Rio Grande Weaving Process
Bob Davis produces fine hand-woven Navajo-Churro blankets
For 30+ years, on his small farm on the banks of the Rio Grande, Mr. Davis produces fine hand-woven blankets from the wool of his flock of Navajo-Churro sheep. This lengthy process includes planting and encouraging the grasses, legumes, and small shrubs that the sheep like to eat; hoping for rain in a dry climate; managing the care, breeding and general shepherding of thirty-odd sheep and lambs; shearing, picking and washing the wool, then carding and spinning it into yarn; dyeing the finished yarn (when unnatural colors are required); and finally weaving the blankets themselves.
One could easily make a career of any step in this process, but Mr. Davis insists on carrying it from the beginning, from earth and rain, through to the finished weavings.
“The process itself” says Mr. Davis, “affects the outcome. As the vagaries of the weather affect the quality of the pasture, and the quality of the care given to the sheep affects the quality and quantity of the wool produced, so do the acts of caring for the sheep and processing wool into yarn and blankets affect my whole outlook as both a human being and an artist. This dynamic interconnectedness and seeming circularity of existence affects not only the design but also the look and feel of my weavings.”
The works themselves are built on a woolen warp with wefts running between thirty and fifty yarns per inch. Many of the pieces reflect the classic Rio Grande five banded type of blanket, while others contain more Navajo-looking motifs. The blacks, grays, browns, and tans in these pieces are colors that occur naturally in Mr. Davis’ flock of Navajo-Churros, while the reds, blues, greens etc. are hand dyed using commercial dyestuff. Because of the use of natural wool colors, and the fact that a colored sheep changes color gradually over time, these blankets cannot be exactly reproduced and are therefore absolutely unique.

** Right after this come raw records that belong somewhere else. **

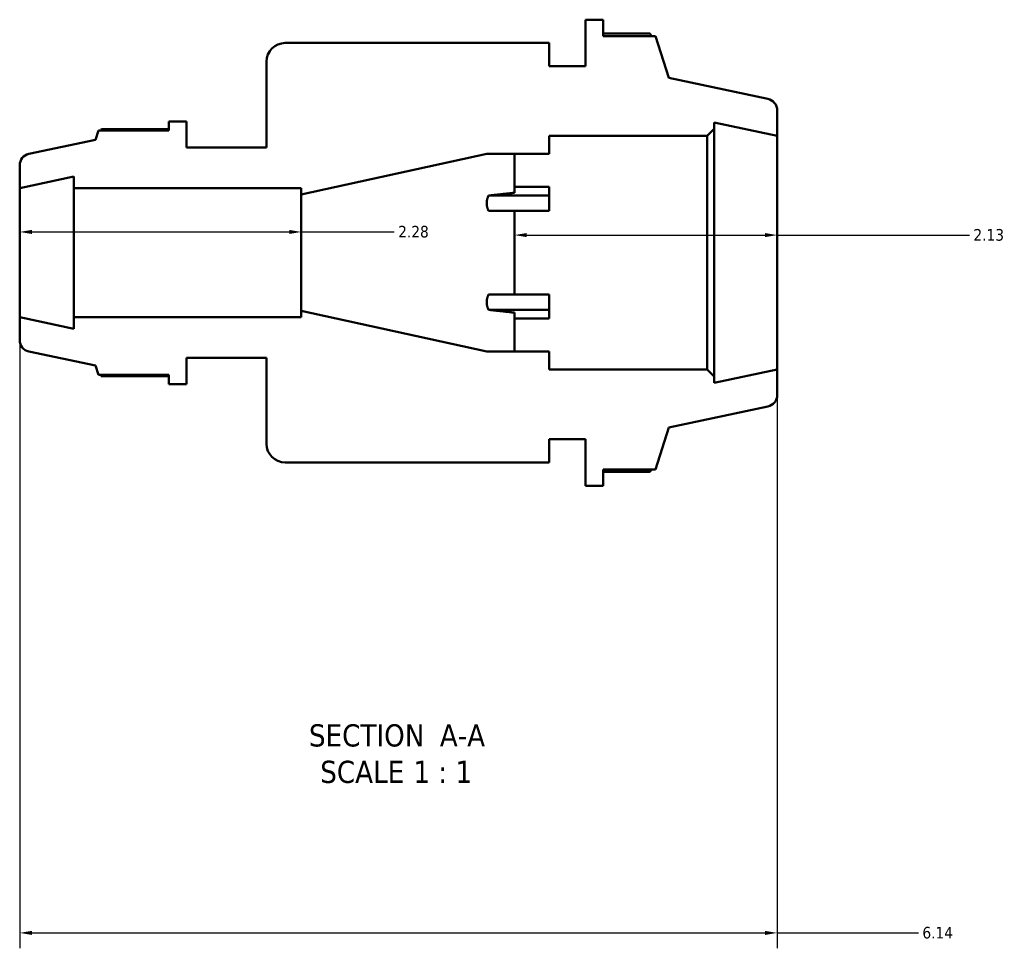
# Model space of a CAD drawing. Header units: inches. Extents: x -3.1 to 52.4, y -14.1 to 33.4.
# Tile 3 of 8: x 17.9 to 25.9, y -14.1 to -6.6. Entities that reach past the tile are written whole.
import ezdxf

# ---------------------------------------------------------------- set-up
doc = ezdxf.new("R2010")
doc.units = ezdxf.units.IN
doc.header["$MEASUREMENT"] = 0
for name, color, linetype, lineweight in [('Dimension (ANSI)', 7, 'Continuous', 25), ('Symbol (ANSI)', 7, 'Continuous', 25), ('Visible (ANSI)', 7, 'Continuous', 50)]:
    doc.layers.add(name, color=color, linetype=linetype, lineweight=lineweight)
doc.styles.add('Label Text (ANSI)', font='tahoma.ttf')
doc.styles.add('Note Text (ANSI)', font='tahoma.ttf')
doc.dimstyles.new('Default (ANSI)', dxfattribs={"dimtxt": 0.094488, "dimasz": 0.098425, "dimexe": 0.125, "dimexo": 0.0625, "dimgap": 0.031496, "dimtad": 0, "dimtih": 1, "dimtoh": 1, "dimrnd": 1e-08, "dimzin": 4, "dimdsep": 46, "dimtxsty": 'Note Text (ANSI)', "dimcen": 0.09, "dimdle": 0.393701, "dimclrd": 256, "dimclre": 256, "dimclrt": 5, "dimadec": 0, "dimazin": 1, "dimtfac": 1, "dimtofl": 0, "dimtmove": 0, "dimatfit": 3, "dimfxl": 1, "dimtolj": 1, "dimtzin": 4, "dimlwd": -1, "dimlwe": -1, "dimarcsym": 0})

# ---------------------------------------------------------------- blocks, each defined once
blk = doc.blocks.new('*D7')
at = {"layer": 'Defpoints', "color": 0, "transparency": 16777216}
for p in [(17.9419, -8.9745), (24.0837, -9.3977), (24.0837, -13.968)]:
    blk.add_point(p, dxfattribs=at)
at = {"layer": 'Dimension (ANSI)', "transparency": 16777216}
for p, q in [((17.9419, -9.037), (17.9419, -14.093)), ((24.0837, -9.4602), (24.0837, -14.093)), ((18.0404, -13.968), (23.9852, -13.968)), ((24.0837, -13.968), (25.2296, -13.968))]:
    blk.add_line(p, q, dxfattribs=at)
for points in [[(18.0404, -13.9516), (18.0404, -13.9844), (17.9419, -13.968)], [(23.9852, -13.9516), (23.9852, -13.9844), (24.0837, -13.968)]]:
    blk.add_solid(points, dxfattribs=at)
at = {"layer": 'Dimension (ANSI)', "color": 5, "transparency": 16777216, "insert": (25.2611, -13.9189), "char_height": 0.09449, "attachment_point": 1, "style": 'Note Text (ANSI)'}
blk.add_mtext('\\A1;6.14', dxfattribs=at)
blk = doc.blocks.new('*D8')
at = {"layer": 'Defpoints', "color": 0, "transparency": 16777216}
for p in [(20.2254, -8.2824), (17.9419, -8.4509), (20.2254, -8.4509)]:
    blk.add_point(p, dxfattribs=at)
at = {"layer": 'Dimension (ANSI)', "transparency": 16777216}
for p, q in [((18.0404, -8.2824), (20.127, -8.2824)), ((20.2254, -8.2824), (20.9791, -8.2824))]:
    blk.add_line(p, q, dxfattribs=at)
for points in [[(18.0404, -8.266), (18.0404, -8.2988), (17.9419, -8.2824)], [(20.127, -8.266), (20.127, -8.2988), (20.2254, -8.2824)]]:
    blk.add_solid(points, dxfattribs=at)
at = {"layer": 'Dimension (ANSI)', "color": 5, "transparency": 16777216, "insert": (21.0106, -8.233), "char_height": 0.09449, "attachment_point": 1, "style": 'Note Text (ANSI)'}
blk.add_mtext('\\A1;2.28', dxfattribs=at)
blk = doc.blocks.new('*D9')
at = {"layer": 'Defpoints', "color": 0, "transparency": 16777216}
for p in [(24.0837, -8.308), (21.9537, -8.4509), (24.0837, -8.4509)]:
    blk.add_point(p, dxfattribs=at)
at = {"layer": 'Dimension (ANSI)', "transparency": 16777216}
for p, q in [((22.0521, -8.308), (23.9852, -8.308)), ((24.0837, -8.308), (25.6432, -8.308))]:
    blk.add_line(p, q, dxfattribs=at)
for points in [[(22.0521, -8.2916), (22.0521, -8.3244), (21.9537, -8.308)], [(23.9852, -8.2916), (23.9852, -8.3244), (24.0837, -8.308)]]:
    blk.add_solid(points, dxfattribs=at)
at = {"layer": 'Dimension (ANSI)', "color": 5, "transparency": 16777216, "insert": (25.6747, -8.2588), "char_height": 0.09449, "attachment_point": 1, "style": 'Note Text (ANSI)'}
blk.add_mtext('\\A1;2.13', dxfattribs=at)

msp = doc.modelspace()

# ---------------------------------------------------------------- linework, layer by layer
at = {"layer": 'Visible (ANSI)'}
for p, q in [((22.6727, -6.5609), (22.5307, -6.5609)), ((22.5307, -6.5609), (22.5307, -6.9389)), ((22.6727, -6.6932), (22.6727, -6.5609)), ((23.0527, -6.6725), (22.6727, -6.6725)), ((23.0957, -6.6932), (22.6727, -6.6932)), ((23.2063, -7.0335), (23.0957, -6.6932)), ((22.2362, -6.7499), (20.0941, -6.7499)), ((22.2362, -6.9389), (22.2362, -6.7499)), ((19.9429, -6.9011), (19.9429, -7.5989)), ((22.5307, -6.9389), (22.2362, -6.9389)), ((24.0087, -7.204), (23.2063, -7.0335)), ((24.0837, -7.504), (24.0837, -7.2966)), ((19.2931, -7.3859), (19.1511, -7.3859)), ((19.1511, -7.3859), (19.1511, -7.4604)), ((19.2931, -7.5989), (19.2931, -7.3859)), ((23.5719, -7.4472), (23.5719, -7.3952)), ((23.5719, -7.3952), (24.0837, -7.504)), ((18.5803, -7.4604), (18.5561, -7.5349)), ((19.1511, -7.4604), (18.5803, -7.4604)), ((19.1511, -7.4488), (18.6045, -7.4488)), ((22.2362, -7.6483), (22.2362, -7.504)), ((22.2362, -7.504), (23.515, -7.504)), ((23.515, -7.504), (23.5719, -7.4472)), ((23.515, -7.504), (23.515, -9.3977)), ((23.5719, -9.4545), (23.5719, -7.4472)), ((24.0837, -9.3977), (24.0837, -7.504)), ((18.5561, -7.5349), (18.0169, -7.6495)), ((19.9429, -7.5989), (19.2931, -7.5989)), ((20.2254, -7.9796), (21.7288, -7.6483)), ((21.7288, -7.6483), (22.2362, -7.6483)), ((21.9537, -7.9648), (21.9537, -7.6483)), ((17.9419, -7.7421), (17.9419, -7.9272)), ((17.9419, -7.9272), (18.3806, -7.834)), ((18.3806, -7.834), (18.3806, -7.9272)), ((17.9419, -8.9745), (17.9419, -7.9272)), ((18.3806, -7.9272), (20.2254, -7.9272)), ((18.3806, -8.9745), (18.3806, -7.9272)), ((20.2254, -7.9272), (20.2254, -7.9796)), ((20.2254, -8.9221), (20.2254, -7.9796)), ((21.9537, -7.9173), (22.2362, -7.9173)), ((22.2362, -7.9881), (22.2362, -7.9173)), ((21.743, -7.9881), (22.2362, -7.9881)), ((22.2362, -8.111), (22.2362, -7.9881)), ((22.2362, -8.111), (21.743, -8.111)), ((21.9537, -8.7907), (21.9537, -8.111)), ((21.743, -8.7907), (22.2362, -8.7907)), ((22.2362, -8.9136), (22.2362, -8.7907)), ((21.7288, -9.2535), (20.2254, -8.9221)), ((20.2254, -8.9221), (20.2254, -8.9745)), ((22.2362, -8.9136), (21.743, -8.9136)), ((21.9537, -9.2535), (21.9537, -8.9369)), ((22.2362, -8.9844), (22.2362, -8.9136)), ((18.3806, -9.0677), (17.9419, -8.9745)), ((17.9419, -8.9745), (17.9419, -9.1596)), ((20.2254, -8.9745), (18.3806, -8.9745)), ((18.3806, -8.9745), (18.3806, -9.0677)), ((22.2362, -8.9844), (21.9537, -8.9844)), ((18.0169, -9.2522), (18.5561, -9.3668)), ((22.2362, -9.2535), (21.7288, -9.2535)), ((22.2362, -9.3977), (22.2362, -9.2535)), ((19.2931, -9.5159), (19.2931, -9.3029)), ((19.2931, -9.3029), (19.9429, -9.3029)), ((19.9429, -9.3029), (19.9429, -10.0007)), ((18.5561, -9.3668), (18.5803, -9.4413)), ((23.515, -9.3977), (22.2362, -9.3977)), ((23.5719, -9.4545), (23.515, -9.3977)), ((24.0837, -9.3977), (23.5719, -9.5065)), ((24.0837, -9.6051), (24.0837, -9.3977)), ((18.5803, -9.4413), (19.1511, -9.4413)), ((18.6045, -9.4529), (19.1511, -9.4529)), ((19.1511, -9.4413), (19.1511, -9.5159)), ((23.5719, -9.5065), (23.5719, -9.4545)), ((19.1511, -9.5159), (19.2931, -9.5159)), ((23.2063, -9.8683), (24.0087, -9.6977)), ((23.0957, -10.2086), (23.2063, -9.8683)), ((22.2362, -10.1519), (22.2362, -9.9629)), ((22.2362, -9.9629), (22.5307, -9.9629)), ((22.5307, -9.9629), (22.5307, -10.3409)), ((20.0941, -10.1519), (22.2362, -10.1519)), ((22.6727, -10.3409), (22.6727, -10.2086)), ((22.6727, -10.2086), (23.0957, -10.2086)), ((22.6727, -10.2292), (23.0527, -10.2292)), ((22.5307, -10.3409), (22.6727, -10.3409))]:
    msp.add_line(p, q, dxfattribs=at)
for centre, radius, start, end in [((20.0941, -6.9011), 0.1512, 90, 180), ((23.989, -7.2966), 0.0947, 0, 78), ((18.0366, -7.7421), 0.0947, 102, 180), ((18.0366, -9.1596), 0.0947, 180, 258), ((23.989, -9.6051), 0.0947, 282, 0), ((20.0941, -10.0007), 0.1512, 180, 270)]:
    msp.add_arc(centre, radius, start, end, dxfattribs=at)
for points, weights in [([(23.0634, -6.6932), (23.0582, -6.6829), (23.0527, -6.6725)], [1.00285203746, 1.00149919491, 1]), ([(18.6045, -7.4488), (18.6015, -7.4546), (18.5985, -7.4604)], [1, 1.00068534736, 1.00122280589]), ([(21.743, -7.9881), (21.8454, -7.9767), (21.9537, -7.9648)], [1.00757491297, 1.00417704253, 1]), ([(21.743, -8.111), (21.7146, -8.0496), (21.743, -7.9881)], [1.0288666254, 1.03288449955, 1.0288666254]), ([(21.743, -8.9136), (21.7146, -8.8522), (21.743, -8.7907)], [1.0288666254, 1.03288449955, 1.0288666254]), ([(21.9537, -8.9369), (21.8454, -8.925), (21.743, -8.9136)], [1, 1.00417704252, 1.00757491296]), ([(18.5985, -9.4413), (18.6015, -9.4471), (18.6045, -9.4529)], [1.00122280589, 1.00068534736, 1]), ([(23.0527, -10.2292), (23.0582, -10.2188), (23.0634, -10.2086)], [1, 1.00149919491, 1.00285203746])]:
    msp.add_rational_spline(points, weights, degree=2, dxfattribs=at)

# ---------------------------------------------------------------- texts
at = {"layer": 'Symbol (ANSI)', "char_height": 0.18, "attachment_point": 7, "style": 'Label Text (ANSI)'}
for s, insert in [('SECTION', (20.2874, -12.4594)), (' A-A', (21.2809, -12.4556)), ('SCALE', (20.3787, -12.7551)), (' 1 : 1', (21.0665, -12.7519))]:
    msp.add_mtext(s, dxfattribs=dict(at, insert=insert))

# ---------------------------------------------------------------- dimensions: what is measured, and where the dimension line sits
at = {"layer": 'Dimension (ANSI)'}
for base, p1, p2, override, picture, middle in [((20.2254, -8.2824), (17.9419, -8.4509), (20.2254, -8.4509), {"dimgap": 0.031496, "dimtih": 0, "dimtoh": 0, "dimdec": 2, "dimse1": 1, "dimse2": 1, "dimtol": 0, "dimlim": 0, "dimtp": 0, "dimtm": 0, "dimtdec": 2, "dimatfit": 2}, '*D8', (21.1309, -8.2824)), ((24.0837, -8.308), (21.9537, -8.4509), (24.0837, -8.4509), {"dimgap": 0.031496, "dimtih": 0, "dimtoh": 0, "dimdec": 2, "dimse1": 1, "dimse2": 1, "dimtol": 0, "dimlim": 0, "dimtp": 0, "dimtm": 0, "dimtdec": 2, "dimatfit": 2}, '*D9', (25.7937, -8.308)), ((24.0837, -13.968), (17.9419, -8.9745), (24.0837, -9.3977), {"dimgap": 0.031496, "dimtih": 0, "dimtoh": 0, "dimdec": 2, "dimtol": 0, "dimlim": 0, "dimtp": 0, "dimtm": 0, "dimtdec": 2, "dimatfit": 2}, '*D7', (25.3829, -13.968))]:
    dim = msp.add_linear_dim(base=base, p1=p1, p2=p2, angle=180, dimstyle='Default (ANSI)', override=override, dxfattribs=at)
    dim.commit()
    dim.dimension.update_dxf_attribs({"geometry": picture, "text_midpoint": middle, "dimtype": 160})

doc.saveas('drawing.dxf')

Navajo-Churro wool is unusual
Navajo-Churro sheep grow a double-coated fleece: a long, straight outer coat that looks like hair, and a fine, downy undercoat. Unlike fleece of more modern breeds, the wool fibers are straight, long, and found in a variety of diameters from the most coarse to the most fine. This results in a yarn that is dense, strong and not very stretchy—perfect for textiles that will be used as outer garments and carpets in a rough-hewn environment. There are a great many natural colors in the Navajo-Churro. Also, the two coats may be different colors within a fleece and will produce heathered yarns that would be impossible to reproduce using white wool and dye.